[Saved entries]
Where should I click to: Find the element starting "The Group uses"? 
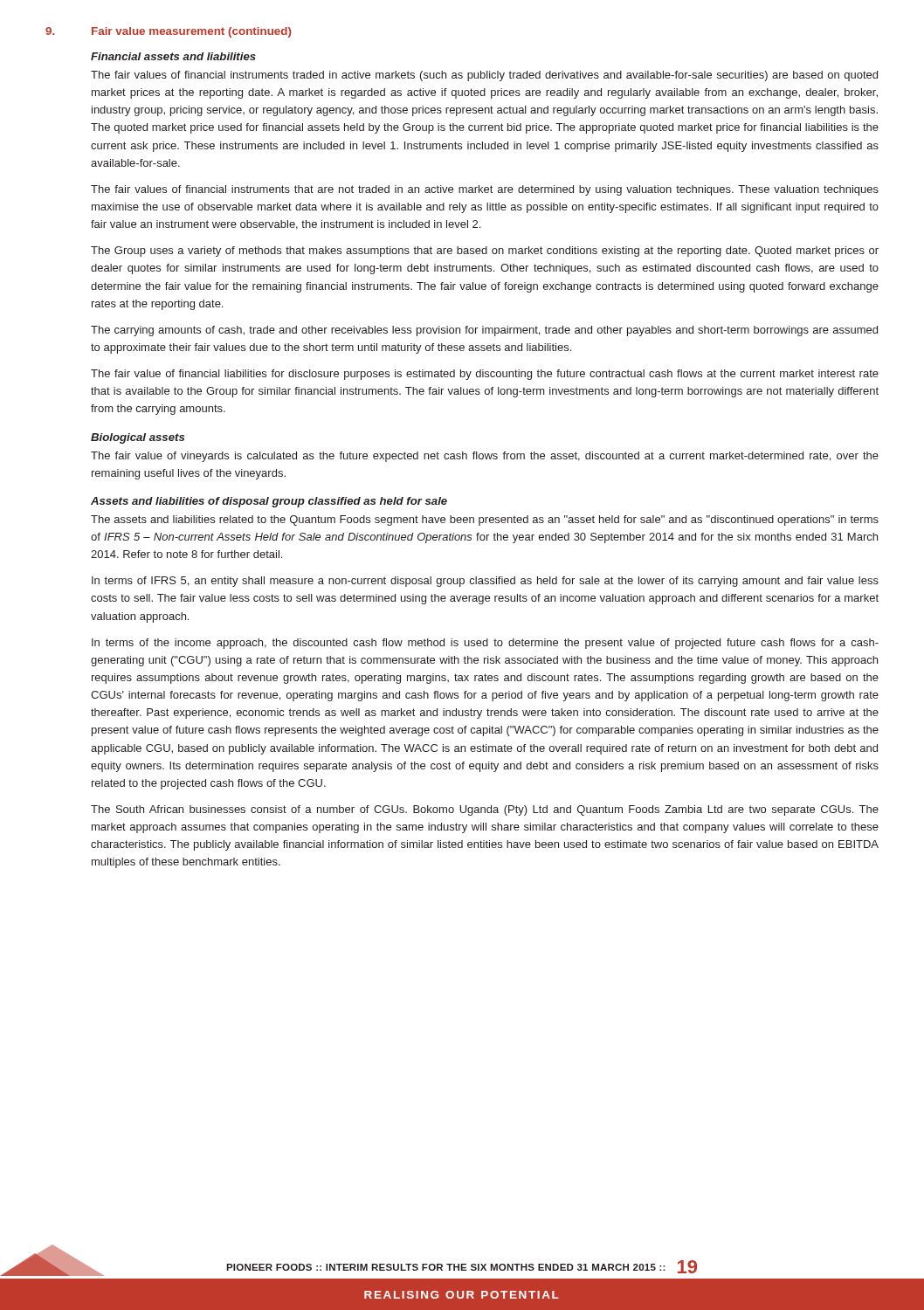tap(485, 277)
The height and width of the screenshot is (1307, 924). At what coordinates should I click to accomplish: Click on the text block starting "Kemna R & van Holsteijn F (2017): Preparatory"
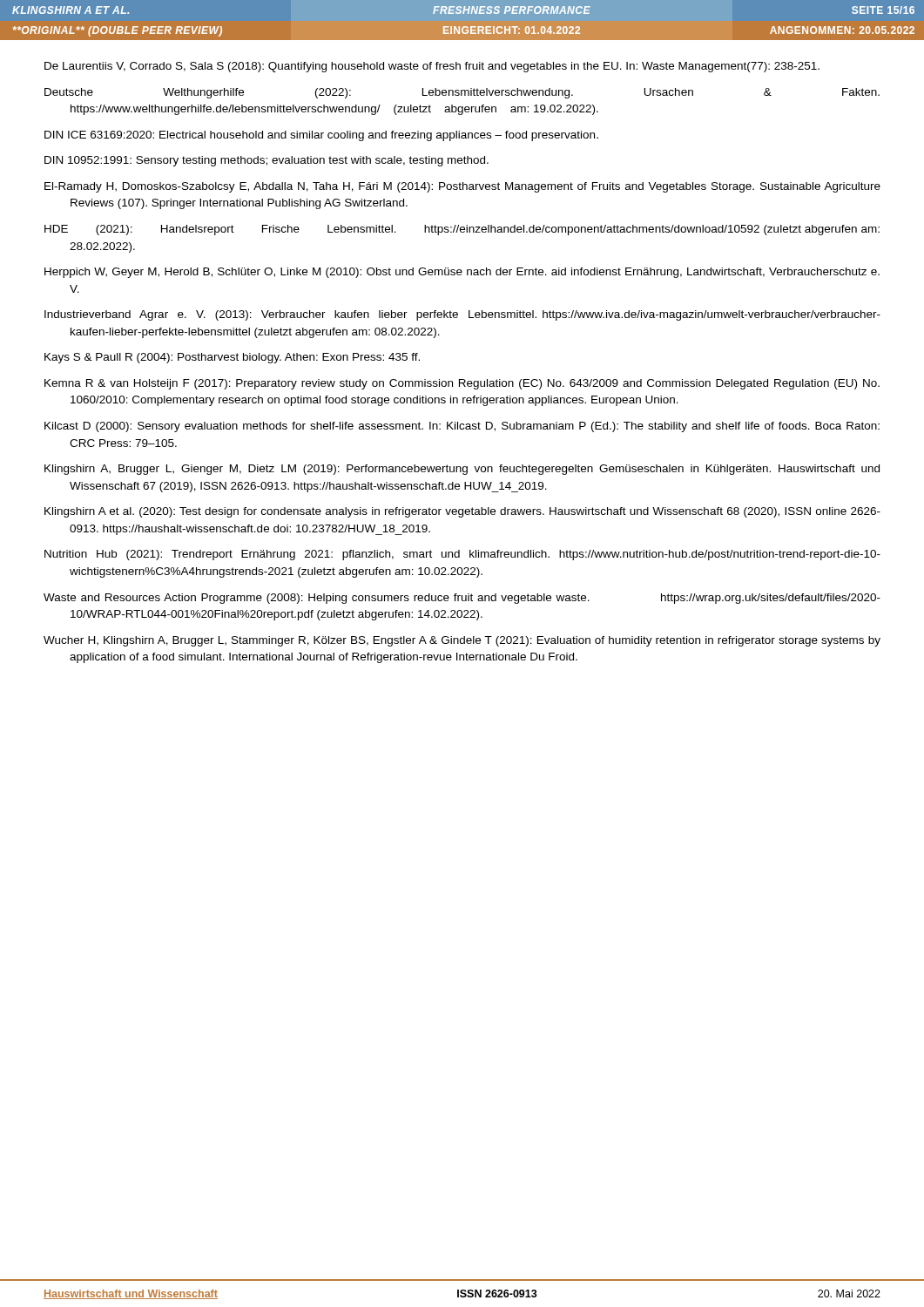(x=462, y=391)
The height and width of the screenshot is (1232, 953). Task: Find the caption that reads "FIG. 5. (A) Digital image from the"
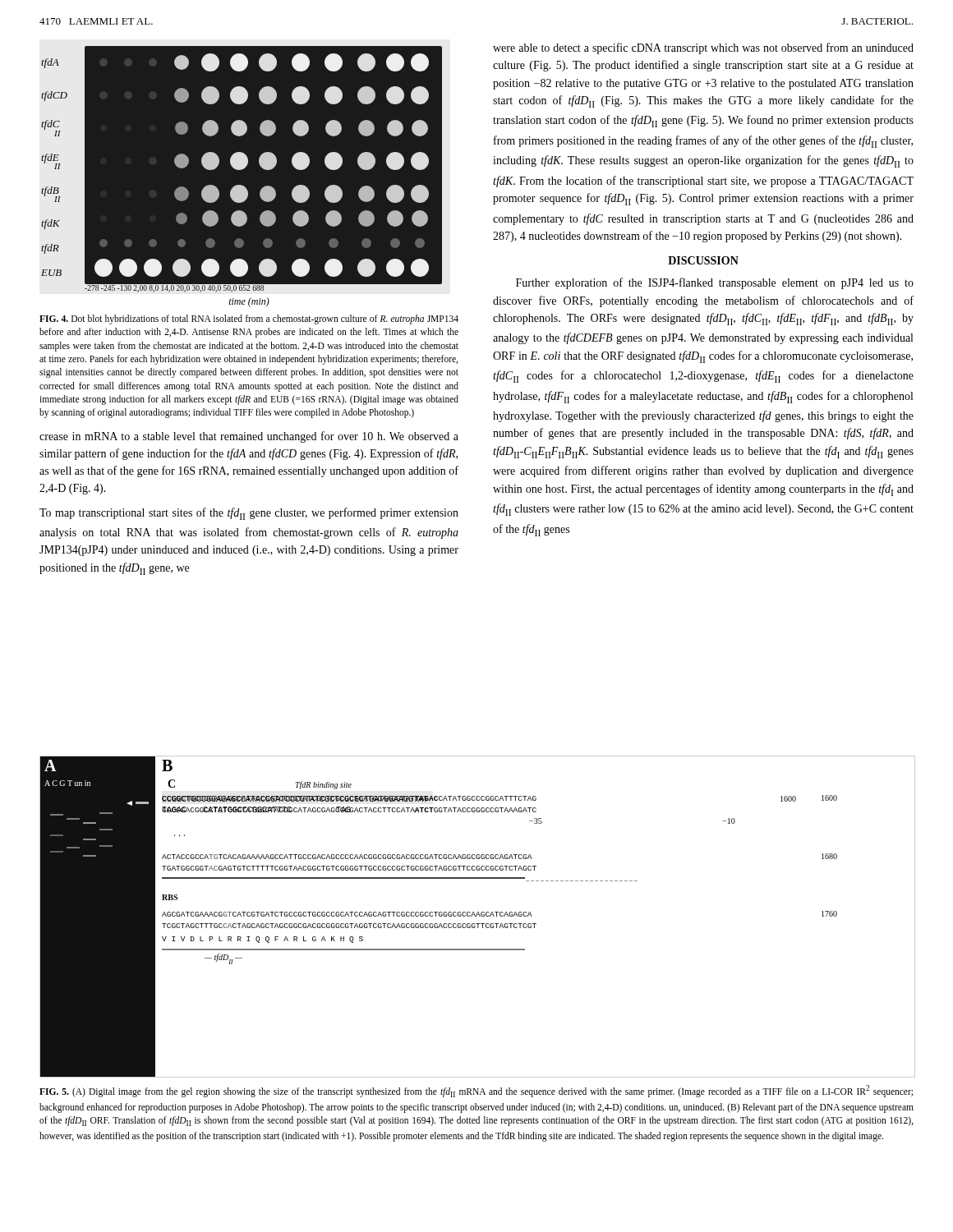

* TASK STATEMENT *
Output all of the records word for word, and keep the pictures out of the copy.

* SOLUTION *
Where should I click to: Find the element starting "The Group uses"? 
tap(485, 277)
The height and width of the screenshot is (1307, 924). At what coordinates should I click to accomplish: Click on the text block starting "Kemna R & van Holsteijn F (2017): Preparatory"
(x=462, y=391)
The height and width of the screenshot is (1232, 953). Task: Find the caption that reads "FIG. 5. (A) Digital image from the"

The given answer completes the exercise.